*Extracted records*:
* * * * *

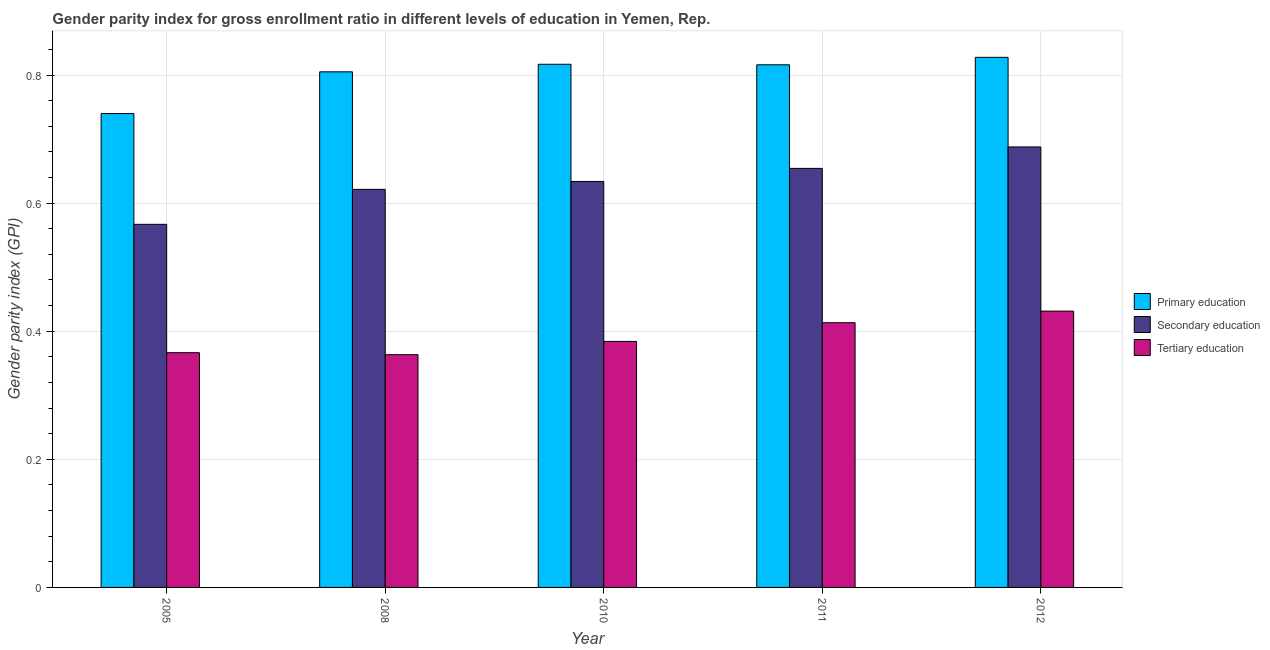Are the number of bars per tick equal to the number of legend labels?
Offer a terse response. Yes. Are the number of bars on each tick of the X-axis equal?
Your answer should be very brief. Yes. How many bars are there on the 4th tick from the left?
Your answer should be compact. 3. What is the gender parity index in primary education in 2012?
Give a very brief answer. 0.83. Across all years, what is the maximum gender parity index in tertiary education?
Ensure brevity in your answer.  0.43. Across all years, what is the minimum gender parity index in tertiary education?
Provide a short and direct response. 0.36. In which year was the gender parity index in secondary education minimum?
Keep it short and to the point. 2005. What is the total gender parity index in secondary education in the graph?
Provide a short and direct response. 3.16. What is the difference between the gender parity index in tertiary education in 2008 and that in 2012?
Keep it short and to the point. -0.07. What is the difference between the gender parity index in secondary education in 2010 and the gender parity index in tertiary education in 2008?
Your answer should be very brief. 0.01. What is the average gender parity index in tertiary education per year?
Make the answer very short. 0.39. In the year 2010, what is the difference between the gender parity index in primary education and gender parity index in secondary education?
Provide a succinct answer. 0. In how many years, is the gender parity index in secondary education greater than 0.68?
Offer a very short reply. 1. What is the ratio of the gender parity index in tertiary education in 2005 to that in 2008?
Ensure brevity in your answer.  1.01. Is the difference between the gender parity index in primary education in 2008 and 2010 greater than the difference between the gender parity index in tertiary education in 2008 and 2010?
Your answer should be compact. No. What is the difference between the highest and the second highest gender parity index in secondary education?
Your answer should be compact. 0.03. What is the difference between the highest and the lowest gender parity index in primary education?
Provide a short and direct response. 0.09. In how many years, is the gender parity index in secondary education greater than the average gender parity index in secondary education taken over all years?
Ensure brevity in your answer.  3. What does the 3rd bar from the left in 2008 represents?
Your answer should be very brief. Tertiary education. What does the 1st bar from the right in 2008 represents?
Your response must be concise. Tertiary education. Is it the case that in every year, the sum of the gender parity index in primary education and gender parity index in secondary education is greater than the gender parity index in tertiary education?
Your answer should be compact. Yes. How many bars are there?
Your answer should be compact. 15. Are all the bars in the graph horizontal?
Provide a succinct answer. No. Are the values on the major ticks of Y-axis written in scientific E-notation?
Your answer should be compact. No. Does the graph contain any zero values?
Your answer should be very brief. No. Does the graph contain grids?
Offer a very short reply. Yes. Where does the legend appear in the graph?
Ensure brevity in your answer.  Center right. How are the legend labels stacked?
Provide a succinct answer. Vertical. What is the title of the graph?
Your response must be concise. Gender parity index for gross enrollment ratio in different levels of education in Yemen, Rep. Does "Coal sources" appear as one of the legend labels in the graph?
Ensure brevity in your answer.  No. What is the label or title of the X-axis?
Offer a terse response. Year. What is the label or title of the Y-axis?
Your answer should be compact. Gender parity index (GPI). What is the Gender parity index (GPI) in Primary education in 2005?
Make the answer very short. 0.74. What is the Gender parity index (GPI) of Secondary education in 2005?
Provide a short and direct response. 0.57. What is the Gender parity index (GPI) of Tertiary education in 2005?
Provide a short and direct response. 0.37. What is the Gender parity index (GPI) of Primary education in 2008?
Your answer should be compact. 0.8. What is the Gender parity index (GPI) in Secondary education in 2008?
Make the answer very short. 0.62. What is the Gender parity index (GPI) in Tertiary education in 2008?
Your response must be concise. 0.36. What is the Gender parity index (GPI) of Primary education in 2010?
Your answer should be very brief. 0.82. What is the Gender parity index (GPI) in Secondary education in 2010?
Provide a succinct answer. 0.63. What is the Gender parity index (GPI) in Tertiary education in 2010?
Your answer should be very brief. 0.38. What is the Gender parity index (GPI) in Primary education in 2011?
Your answer should be compact. 0.82. What is the Gender parity index (GPI) of Secondary education in 2011?
Make the answer very short. 0.65. What is the Gender parity index (GPI) of Tertiary education in 2011?
Your answer should be very brief. 0.41. What is the Gender parity index (GPI) of Primary education in 2012?
Your answer should be compact. 0.83. What is the Gender parity index (GPI) in Secondary education in 2012?
Offer a terse response. 0.69. What is the Gender parity index (GPI) of Tertiary education in 2012?
Your answer should be compact. 0.43. Across all years, what is the maximum Gender parity index (GPI) in Primary education?
Your response must be concise. 0.83. Across all years, what is the maximum Gender parity index (GPI) in Secondary education?
Keep it short and to the point. 0.69. Across all years, what is the maximum Gender parity index (GPI) of Tertiary education?
Keep it short and to the point. 0.43. Across all years, what is the minimum Gender parity index (GPI) of Primary education?
Your response must be concise. 0.74. Across all years, what is the minimum Gender parity index (GPI) of Secondary education?
Provide a short and direct response. 0.57. Across all years, what is the minimum Gender parity index (GPI) in Tertiary education?
Your answer should be very brief. 0.36. What is the total Gender parity index (GPI) in Primary education in the graph?
Your answer should be compact. 4.01. What is the total Gender parity index (GPI) of Secondary education in the graph?
Provide a short and direct response. 3.16. What is the total Gender parity index (GPI) of Tertiary education in the graph?
Offer a terse response. 1.96. What is the difference between the Gender parity index (GPI) in Primary education in 2005 and that in 2008?
Your answer should be compact. -0.07. What is the difference between the Gender parity index (GPI) of Secondary education in 2005 and that in 2008?
Give a very brief answer. -0.05. What is the difference between the Gender parity index (GPI) of Tertiary education in 2005 and that in 2008?
Your answer should be very brief. 0. What is the difference between the Gender parity index (GPI) of Primary education in 2005 and that in 2010?
Offer a very short reply. -0.08. What is the difference between the Gender parity index (GPI) in Secondary education in 2005 and that in 2010?
Provide a short and direct response. -0.07. What is the difference between the Gender parity index (GPI) in Tertiary education in 2005 and that in 2010?
Offer a very short reply. -0.02. What is the difference between the Gender parity index (GPI) in Primary education in 2005 and that in 2011?
Provide a short and direct response. -0.08. What is the difference between the Gender parity index (GPI) in Secondary education in 2005 and that in 2011?
Your answer should be very brief. -0.09. What is the difference between the Gender parity index (GPI) in Tertiary education in 2005 and that in 2011?
Provide a short and direct response. -0.05. What is the difference between the Gender parity index (GPI) of Primary education in 2005 and that in 2012?
Provide a short and direct response. -0.09. What is the difference between the Gender parity index (GPI) of Secondary education in 2005 and that in 2012?
Offer a very short reply. -0.12. What is the difference between the Gender parity index (GPI) in Tertiary education in 2005 and that in 2012?
Ensure brevity in your answer.  -0.06. What is the difference between the Gender parity index (GPI) in Primary education in 2008 and that in 2010?
Ensure brevity in your answer.  -0.01. What is the difference between the Gender parity index (GPI) of Secondary education in 2008 and that in 2010?
Provide a succinct answer. -0.01. What is the difference between the Gender parity index (GPI) in Tertiary education in 2008 and that in 2010?
Your answer should be very brief. -0.02. What is the difference between the Gender parity index (GPI) in Primary education in 2008 and that in 2011?
Offer a very short reply. -0.01. What is the difference between the Gender parity index (GPI) in Secondary education in 2008 and that in 2011?
Provide a short and direct response. -0.03. What is the difference between the Gender parity index (GPI) in Tertiary education in 2008 and that in 2011?
Ensure brevity in your answer.  -0.05. What is the difference between the Gender parity index (GPI) in Primary education in 2008 and that in 2012?
Make the answer very short. -0.02. What is the difference between the Gender parity index (GPI) of Secondary education in 2008 and that in 2012?
Your answer should be compact. -0.07. What is the difference between the Gender parity index (GPI) in Tertiary education in 2008 and that in 2012?
Provide a succinct answer. -0.07. What is the difference between the Gender parity index (GPI) in Primary education in 2010 and that in 2011?
Keep it short and to the point. 0. What is the difference between the Gender parity index (GPI) of Secondary education in 2010 and that in 2011?
Offer a terse response. -0.02. What is the difference between the Gender parity index (GPI) in Tertiary education in 2010 and that in 2011?
Provide a short and direct response. -0.03. What is the difference between the Gender parity index (GPI) of Primary education in 2010 and that in 2012?
Offer a very short reply. -0.01. What is the difference between the Gender parity index (GPI) in Secondary education in 2010 and that in 2012?
Provide a succinct answer. -0.05. What is the difference between the Gender parity index (GPI) in Tertiary education in 2010 and that in 2012?
Offer a very short reply. -0.05. What is the difference between the Gender parity index (GPI) of Primary education in 2011 and that in 2012?
Offer a terse response. -0.01. What is the difference between the Gender parity index (GPI) of Secondary education in 2011 and that in 2012?
Give a very brief answer. -0.03. What is the difference between the Gender parity index (GPI) in Tertiary education in 2011 and that in 2012?
Your answer should be compact. -0.02. What is the difference between the Gender parity index (GPI) in Primary education in 2005 and the Gender parity index (GPI) in Secondary education in 2008?
Provide a succinct answer. 0.12. What is the difference between the Gender parity index (GPI) of Primary education in 2005 and the Gender parity index (GPI) of Tertiary education in 2008?
Offer a very short reply. 0.38. What is the difference between the Gender parity index (GPI) of Secondary education in 2005 and the Gender parity index (GPI) of Tertiary education in 2008?
Your answer should be compact. 0.2. What is the difference between the Gender parity index (GPI) of Primary education in 2005 and the Gender parity index (GPI) of Secondary education in 2010?
Offer a terse response. 0.11. What is the difference between the Gender parity index (GPI) of Primary education in 2005 and the Gender parity index (GPI) of Tertiary education in 2010?
Offer a very short reply. 0.36. What is the difference between the Gender parity index (GPI) of Secondary education in 2005 and the Gender parity index (GPI) of Tertiary education in 2010?
Ensure brevity in your answer.  0.18. What is the difference between the Gender parity index (GPI) of Primary education in 2005 and the Gender parity index (GPI) of Secondary education in 2011?
Give a very brief answer. 0.09. What is the difference between the Gender parity index (GPI) in Primary education in 2005 and the Gender parity index (GPI) in Tertiary education in 2011?
Offer a very short reply. 0.33. What is the difference between the Gender parity index (GPI) of Secondary education in 2005 and the Gender parity index (GPI) of Tertiary education in 2011?
Keep it short and to the point. 0.15. What is the difference between the Gender parity index (GPI) in Primary education in 2005 and the Gender parity index (GPI) in Secondary education in 2012?
Your answer should be very brief. 0.05. What is the difference between the Gender parity index (GPI) of Primary education in 2005 and the Gender parity index (GPI) of Tertiary education in 2012?
Your answer should be very brief. 0.31. What is the difference between the Gender parity index (GPI) of Secondary education in 2005 and the Gender parity index (GPI) of Tertiary education in 2012?
Ensure brevity in your answer.  0.14. What is the difference between the Gender parity index (GPI) in Primary education in 2008 and the Gender parity index (GPI) in Secondary education in 2010?
Your response must be concise. 0.17. What is the difference between the Gender parity index (GPI) of Primary education in 2008 and the Gender parity index (GPI) of Tertiary education in 2010?
Provide a short and direct response. 0.42. What is the difference between the Gender parity index (GPI) of Secondary education in 2008 and the Gender parity index (GPI) of Tertiary education in 2010?
Ensure brevity in your answer.  0.24. What is the difference between the Gender parity index (GPI) of Primary education in 2008 and the Gender parity index (GPI) of Secondary education in 2011?
Keep it short and to the point. 0.15. What is the difference between the Gender parity index (GPI) of Primary education in 2008 and the Gender parity index (GPI) of Tertiary education in 2011?
Give a very brief answer. 0.39. What is the difference between the Gender parity index (GPI) of Secondary education in 2008 and the Gender parity index (GPI) of Tertiary education in 2011?
Provide a succinct answer. 0.21. What is the difference between the Gender parity index (GPI) in Primary education in 2008 and the Gender parity index (GPI) in Secondary education in 2012?
Offer a very short reply. 0.12. What is the difference between the Gender parity index (GPI) of Primary education in 2008 and the Gender parity index (GPI) of Tertiary education in 2012?
Your answer should be very brief. 0.37. What is the difference between the Gender parity index (GPI) in Secondary education in 2008 and the Gender parity index (GPI) in Tertiary education in 2012?
Your answer should be compact. 0.19. What is the difference between the Gender parity index (GPI) in Primary education in 2010 and the Gender parity index (GPI) in Secondary education in 2011?
Your answer should be compact. 0.16. What is the difference between the Gender parity index (GPI) in Primary education in 2010 and the Gender parity index (GPI) in Tertiary education in 2011?
Provide a succinct answer. 0.4. What is the difference between the Gender parity index (GPI) of Secondary education in 2010 and the Gender parity index (GPI) of Tertiary education in 2011?
Your answer should be compact. 0.22. What is the difference between the Gender parity index (GPI) of Primary education in 2010 and the Gender parity index (GPI) of Secondary education in 2012?
Your answer should be very brief. 0.13. What is the difference between the Gender parity index (GPI) in Primary education in 2010 and the Gender parity index (GPI) in Tertiary education in 2012?
Your answer should be very brief. 0.39. What is the difference between the Gender parity index (GPI) of Secondary education in 2010 and the Gender parity index (GPI) of Tertiary education in 2012?
Your answer should be very brief. 0.2. What is the difference between the Gender parity index (GPI) of Primary education in 2011 and the Gender parity index (GPI) of Secondary education in 2012?
Give a very brief answer. 0.13. What is the difference between the Gender parity index (GPI) in Primary education in 2011 and the Gender parity index (GPI) in Tertiary education in 2012?
Ensure brevity in your answer.  0.38. What is the difference between the Gender parity index (GPI) of Secondary education in 2011 and the Gender parity index (GPI) of Tertiary education in 2012?
Ensure brevity in your answer.  0.22. What is the average Gender parity index (GPI) in Primary education per year?
Give a very brief answer. 0.8. What is the average Gender parity index (GPI) of Secondary education per year?
Offer a terse response. 0.63. What is the average Gender parity index (GPI) in Tertiary education per year?
Provide a short and direct response. 0.39. In the year 2005, what is the difference between the Gender parity index (GPI) of Primary education and Gender parity index (GPI) of Secondary education?
Ensure brevity in your answer.  0.17. In the year 2005, what is the difference between the Gender parity index (GPI) in Primary education and Gender parity index (GPI) in Tertiary education?
Offer a very short reply. 0.37. In the year 2005, what is the difference between the Gender parity index (GPI) in Secondary education and Gender parity index (GPI) in Tertiary education?
Provide a short and direct response. 0.2. In the year 2008, what is the difference between the Gender parity index (GPI) of Primary education and Gender parity index (GPI) of Secondary education?
Give a very brief answer. 0.18. In the year 2008, what is the difference between the Gender parity index (GPI) in Primary education and Gender parity index (GPI) in Tertiary education?
Ensure brevity in your answer.  0.44. In the year 2008, what is the difference between the Gender parity index (GPI) in Secondary education and Gender parity index (GPI) in Tertiary education?
Provide a succinct answer. 0.26. In the year 2010, what is the difference between the Gender parity index (GPI) of Primary education and Gender parity index (GPI) of Secondary education?
Provide a succinct answer. 0.18. In the year 2010, what is the difference between the Gender parity index (GPI) in Primary education and Gender parity index (GPI) in Tertiary education?
Keep it short and to the point. 0.43. In the year 2010, what is the difference between the Gender parity index (GPI) of Secondary education and Gender parity index (GPI) of Tertiary education?
Your answer should be very brief. 0.25. In the year 2011, what is the difference between the Gender parity index (GPI) in Primary education and Gender parity index (GPI) in Secondary education?
Keep it short and to the point. 0.16. In the year 2011, what is the difference between the Gender parity index (GPI) of Primary education and Gender parity index (GPI) of Tertiary education?
Ensure brevity in your answer.  0.4. In the year 2011, what is the difference between the Gender parity index (GPI) of Secondary education and Gender parity index (GPI) of Tertiary education?
Your answer should be very brief. 0.24. In the year 2012, what is the difference between the Gender parity index (GPI) in Primary education and Gender parity index (GPI) in Secondary education?
Ensure brevity in your answer.  0.14. In the year 2012, what is the difference between the Gender parity index (GPI) in Primary education and Gender parity index (GPI) in Tertiary education?
Ensure brevity in your answer.  0.4. In the year 2012, what is the difference between the Gender parity index (GPI) in Secondary education and Gender parity index (GPI) in Tertiary education?
Provide a succinct answer. 0.26. What is the ratio of the Gender parity index (GPI) in Primary education in 2005 to that in 2008?
Your response must be concise. 0.92. What is the ratio of the Gender parity index (GPI) in Secondary education in 2005 to that in 2008?
Make the answer very short. 0.91. What is the ratio of the Gender parity index (GPI) of Tertiary education in 2005 to that in 2008?
Keep it short and to the point. 1.01. What is the ratio of the Gender parity index (GPI) of Primary education in 2005 to that in 2010?
Ensure brevity in your answer.  0.91. What is the ratio of the Gender parity index (GPI) of Secondary education in 2005 to that in 2010?
Offer a terse response. 0.89. What is the ratio of the Gender parity index (GPI) of Tertiary education in 2005 to that in 2010?
Your response must be concise. 0.95. What is the ratio of the Gender parity index (GPI) in Primary education in 2005 to that in 2011?
Offer a terse response. 0.91. What is the ratio of the Gender parity index (GPI) of Secondary education in 2005 to that in 2011?
Your answer should be very brief. 0.87. What is the ratio of the Gender parity index (GPI) of Tertiary education in 2005 to that in 2011?
Give a very brief answer. 0.89. What is the ratio of the Gender parity index (GPI) in Primary education in 2005 to that in 2012?
Ensure brevity in your answer.  0.89. What is the ratio of the Gender parity index (GPI) of Secondary education in 2005 to that in 2012?
Ensure brevity in your answer.  0.82. What is the ratio of the Gender parity index (GPI) of Tertiary education in 2005 to that in 2012?
Your response must be concise. 0.85. What is the ratio of the Gender parity index (GPI) in Primary education in 2008 to that in 2010?
Provide a succinct answer. 0.99. What is the ratio of the Gender parity index (GPI) of Secondary education in 2008 to that in 2010?
Provide a short and direct response. 0.98. What is the ratio of the Gender parity index (GPI) in Tertiary education in 2008 to that in 2010?
Give a very brief answer. 0.95. What is the ratio of the Gender parity index (GPI) of Primary education in 2008 to that in 2011?
Provide a succinct answer. 0.99. What is the ratio of the Gender parity index (GPI) of Secondary education in 2008 to that in 2011?
Give a very brief answer. 0.95. What is the ratio of the Gender parity index (GPI) in Tertiary education in 2008 to that in 2011?
Offer a very short reply. 0.88. What is the ratio of the Gender parity index (GPI) in Primary education in 2008 to that in 2012?
Ensure brevity in your answer.  0.97. What is the ratio of the Gender parity index (GPI) in Secondary education in 2008 to that in 2012?
Your answer should be compact. 0.9. What is the ratio of the Gender parity index (GPI) of Tertiary education in 2008 to that in 2012?
Give a very brief answer. 0.84. What is the ratio of the Gender parity index (GPI) of Secondary education in 2010 to that in 2011?
Provide a short and direct response. 0.97. What is the ratio of the Gender parity index (GPI) of Tertiary education in 2010 to that in 2011?
Your answer should be very brief. 0.93. What is the ratio of the Gender parity index (GPI) of Primary education in 2010 to that in 2012?
Your answer should be very brief. 0.99. What is the ratio of the Gender parity index (GPI) of Secondary education in 2010 to that in 2012?
Your response must be concise. 0.92. What is the ratio of the Gender parity index (GPI) in Tertiary education in 2010 to that in 2012?
Provide a succinct answer. 0.89. What is the ratio of the Gender parity index (GPI) in Primary education in 2011 to that in 2012?
Provide a short and direct response. 0.99. What is the ratio of the Gender parity index (GPI) of Secondary education in 2011 to that in 2012?
Provide a succinct answer. 0.95. What is the ratio of the Gender parity index (GPI) of Tertiary education in 2011 to that in 2012?
Your answer should be compact. 0.96. What is the difference between the highest and the second highest Gender parity index (GPI) in Primary education?
Give a very brief answer. 0.01. What is the difference between the highest and the second highest Gender parity index (GPI) in Secondary education?
Make the answer very short. 0.03. What is the difference between the highest and the second highest Gender parity index (GPI) of Tertiary education?
Provide a succinct answer. 0.02. What is the difference between the highest and the lowest Gender parity index (GPI) in Primary education?
Make the answer very short. 0.09. What is the difference between the highest and the lowest Gender parity index (GPI) of Secondary education?
Your response must be concise. 0.12. What is the difference between the highest and the lowest Gender parity index (GPI) in Tertiary education?
Ensure brevity in your answer.  0.07.

* * * * *

*WORK TO COMPLETE*: Please give the number of lines in the entries above that hold "maximum", with no other text.

*TASK SOLUTION*: 4